3.3. L’identité du « sujet plurilingue »

Dans The Multilingual Subject, Claire Kramsch insiste sur le fait que l’apprentissage d’une langue est une expérience qui implique le corps, les émotions et tout ce que l’apprenant a de plus intime (Kramsch, 2009 : 2). Parler une L2 nous donne accès à une autre réalité et joue un rôle important dans la construction des couches successives de signification que nous sommes251. Apprendre une langue étrangère, écrit Kramsch, n’est pas juste une sorte d’accessoire pour une élite dont l’identité est déjà solidement établie : c’est une réalité incarnée252 qui amène l’apprenant/utilisateur de L2 à regarder ce qui lui est familier avec un autre regard, avec plus de distance253. Dans son exploration de la dimension symbolique254 des langues, Kramsch présente l’accès à ce nouveau pouvoir symbolique comme une contrainte et une liberté. La langue étrangère libère l’utilisateur des conventions de la L1 et lui donne l’occasion de créer d’autres réalités symboliques en même temps qu’elle oblige celui-ci à se conformer à d’autres conventions qui sont celles de la nouvelle communauté linguistique :

By conforming to the conventions of a language they are given symbolic power to enter a historical speech community and be accepted as members of that community.

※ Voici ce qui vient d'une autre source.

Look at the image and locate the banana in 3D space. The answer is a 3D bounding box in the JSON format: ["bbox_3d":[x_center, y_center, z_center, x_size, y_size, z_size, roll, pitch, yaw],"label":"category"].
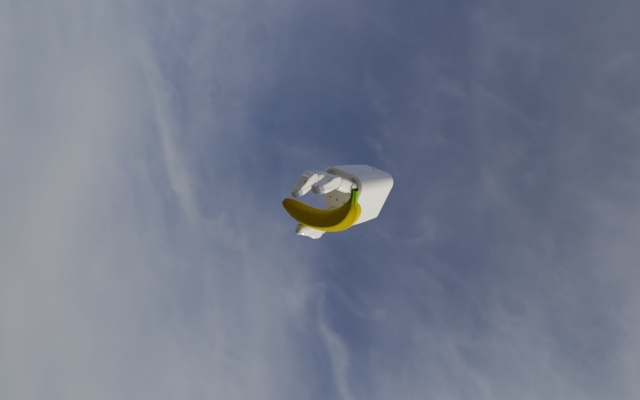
[{"bbox_3d":[0.006,0.021,0.823,0.037,0.069,0.198,-13,3,-42],"label":"banana"}]
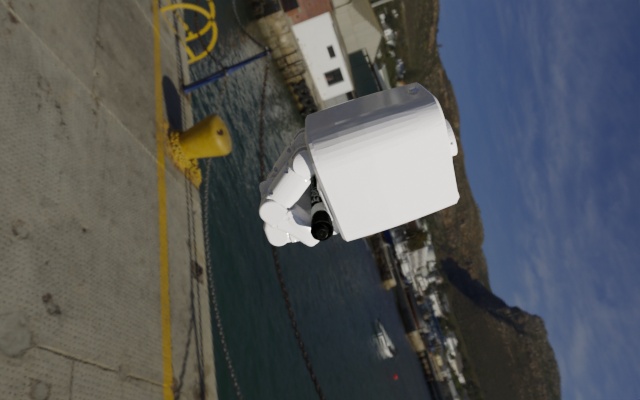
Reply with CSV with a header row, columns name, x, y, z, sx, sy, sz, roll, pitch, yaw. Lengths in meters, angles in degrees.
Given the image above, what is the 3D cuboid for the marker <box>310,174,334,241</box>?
name,x,y,z,sx,sy,sz,roll,pitch,yaw
marker,0.000,0.001,0.427,0.020,0.020,0.121,0,24,-1
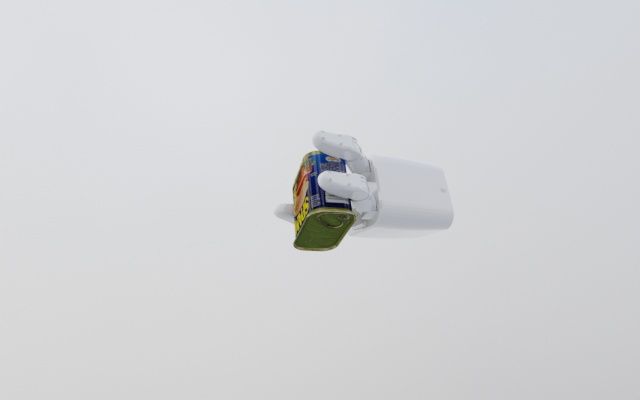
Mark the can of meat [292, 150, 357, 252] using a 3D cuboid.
[{"bbox_3d":[0.000,0.002,0.571,0.057,0.084,0.102,4,-31,-15],"label":"can of meat"}]
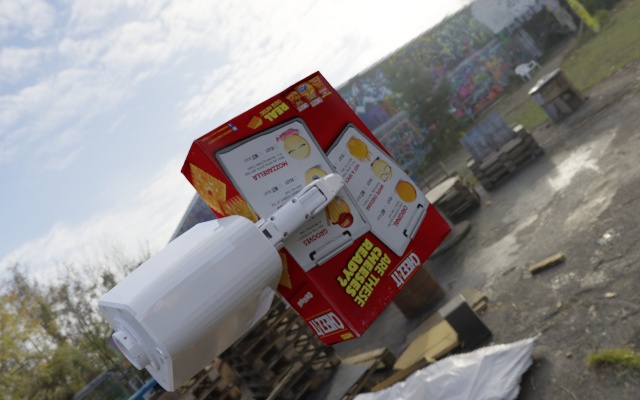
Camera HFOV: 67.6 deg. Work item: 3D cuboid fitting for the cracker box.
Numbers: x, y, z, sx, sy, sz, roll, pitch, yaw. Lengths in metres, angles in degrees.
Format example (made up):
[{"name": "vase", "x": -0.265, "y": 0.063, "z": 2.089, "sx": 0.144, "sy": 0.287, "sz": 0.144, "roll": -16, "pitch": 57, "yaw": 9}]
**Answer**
[{"name": "cracker box", "x": 0.000, "y": 0.001, "z": 0.460, "sx": 0.164, "sy": 0.213, "sz": 0.072, "roll": -39, "pitch": -1, "yaw": -35}]
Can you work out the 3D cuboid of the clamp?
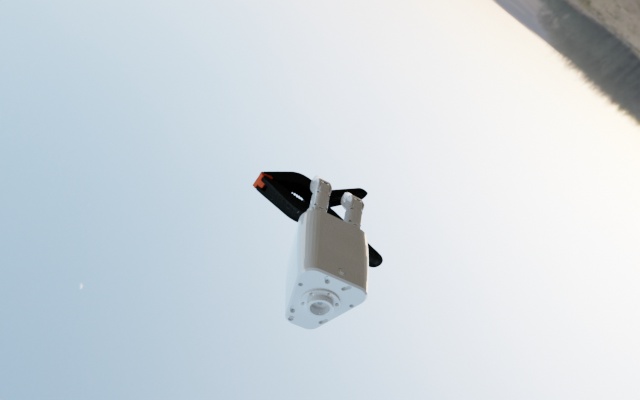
[{"bbox_3d":[-0.001,0.003,0.718,0.210,0.036,0.164,27,33,-17],"label":"clamp"}]
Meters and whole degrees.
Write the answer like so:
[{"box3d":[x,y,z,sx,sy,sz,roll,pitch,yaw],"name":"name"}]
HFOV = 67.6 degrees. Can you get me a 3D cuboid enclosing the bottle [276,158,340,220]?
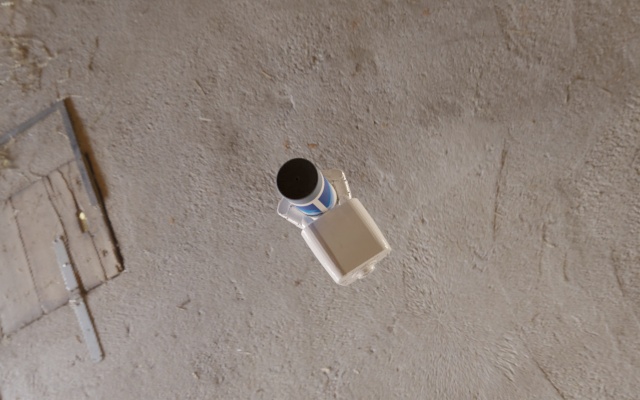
[{"box3d":[0.000,0.003,0.838,0.069,0.069,0.296,0,-14,14],"name":"bottle"}]
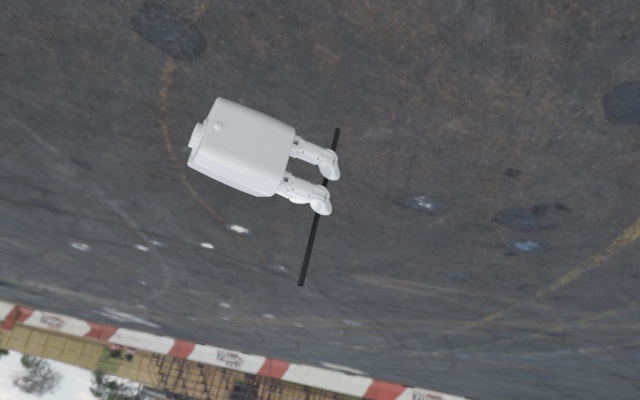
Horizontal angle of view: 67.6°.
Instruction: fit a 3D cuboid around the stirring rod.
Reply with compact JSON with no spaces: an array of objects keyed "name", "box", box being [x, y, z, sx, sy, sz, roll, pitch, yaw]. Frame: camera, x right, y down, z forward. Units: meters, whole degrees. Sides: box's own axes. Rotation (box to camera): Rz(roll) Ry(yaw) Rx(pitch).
[{"name":"stirring rod","box":[0.000,0.002,0.663,0.011,0.239,0.011,12,-23,5]}]
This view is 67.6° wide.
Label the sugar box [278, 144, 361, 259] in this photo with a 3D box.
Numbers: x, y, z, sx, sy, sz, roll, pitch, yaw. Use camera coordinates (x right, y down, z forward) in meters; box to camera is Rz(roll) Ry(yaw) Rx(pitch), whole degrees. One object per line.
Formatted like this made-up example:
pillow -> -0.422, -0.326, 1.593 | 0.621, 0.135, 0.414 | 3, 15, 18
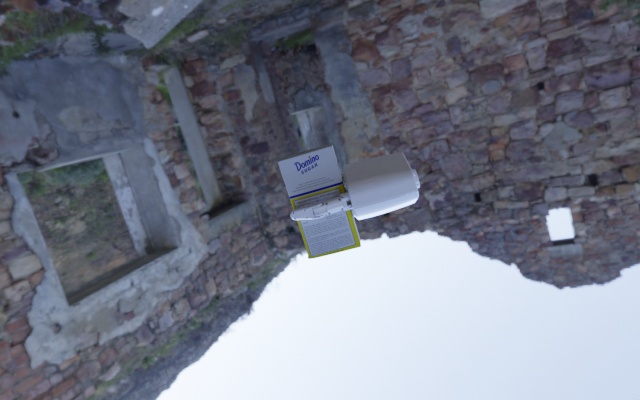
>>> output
sugar box -> 0.000, 0.003, 0.796 | 0.093, 0.176, 0.048 | -15, 9, 6
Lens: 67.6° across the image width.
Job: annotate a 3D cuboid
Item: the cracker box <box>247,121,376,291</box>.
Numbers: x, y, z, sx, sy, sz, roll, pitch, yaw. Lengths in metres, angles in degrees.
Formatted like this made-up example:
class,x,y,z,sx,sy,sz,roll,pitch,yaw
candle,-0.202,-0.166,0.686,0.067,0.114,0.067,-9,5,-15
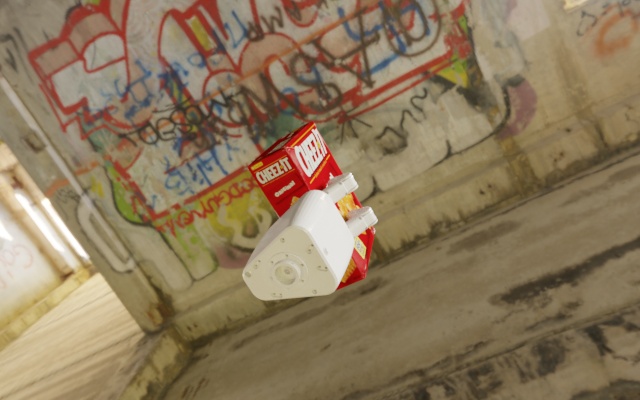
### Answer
class,x,y,z,sx,sy,sz,roll,pitch,yaw
cracker box,0.000,0.003,0.711,0.072,0.214,0.164,-26,14,20
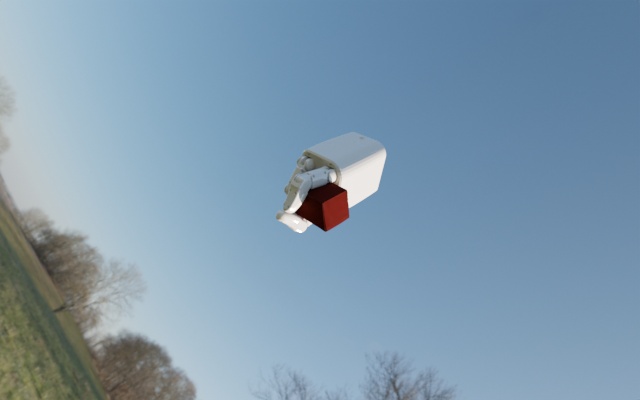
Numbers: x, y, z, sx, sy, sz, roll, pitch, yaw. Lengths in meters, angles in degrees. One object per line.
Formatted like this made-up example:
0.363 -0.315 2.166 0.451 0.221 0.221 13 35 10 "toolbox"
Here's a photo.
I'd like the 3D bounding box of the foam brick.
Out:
0.000 0.003 0.732 0.051 0.053 0.078 -27 37 -31 "foam brick"
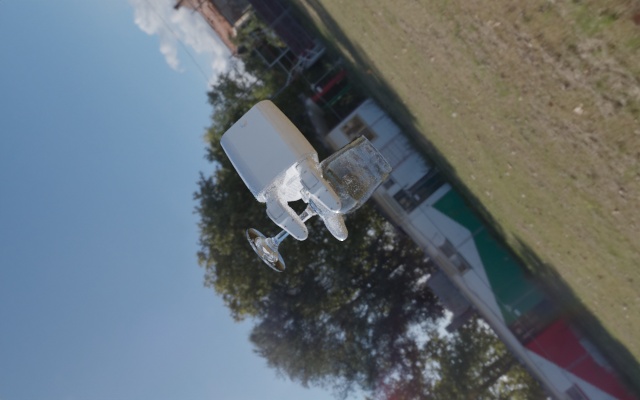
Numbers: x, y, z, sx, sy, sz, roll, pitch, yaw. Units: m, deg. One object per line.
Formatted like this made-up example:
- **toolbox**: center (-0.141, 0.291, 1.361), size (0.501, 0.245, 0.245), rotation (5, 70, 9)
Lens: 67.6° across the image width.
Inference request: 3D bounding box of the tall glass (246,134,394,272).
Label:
- **tall glass**: center (0.000, 0.003, 0.630), size (0.201, 0.079, 0.079), rotation (-41, -7, 8)

However such membership has its price: grammaticality, social acceptability, and cultural appropriateness put limits on what an individual may say or write (Kramsch, 2009 : 6). (…) For non-native speakers, the power that comes from being able to sound like or even pass for someone else, to put one’s own experience into someone else’s words, to speak English but to feel Persian or speak German with an American sensibility, creates new symbolic power relations that enable learners to break with conventions and to bring about other symbolic realities (Kramsch, 2009 : 7).

Si la recherche en Acquisition d’une langue seconde (SLA) a tenté de définir ce qui pourrait favoriser la construction d’une nouvelle identité en langue étrangère, celle-ci semble avoir occulté le besoin humain d’identification avec une autre réalité que celle qui nous entoure (Kramsch, 2009 :

251 « Because it is not only a code but also a meaning-making system, language constructs the historical sedimentation of meanings that we call our ‘selves’», op.cit., p. 2.

252 Op. cit., p. 4.

253 « The experience of the foreign always implies a reconsideration of the familiar », op.cit., p. 5.

254 « Language use is symbolic” 1) because it mediates our existence through symbolic forms that are conventional and represent objective realities 2) because symbolic forms construct subjective realities such as perceptions, emotions, attitudes, and values » op.cit., p. 7.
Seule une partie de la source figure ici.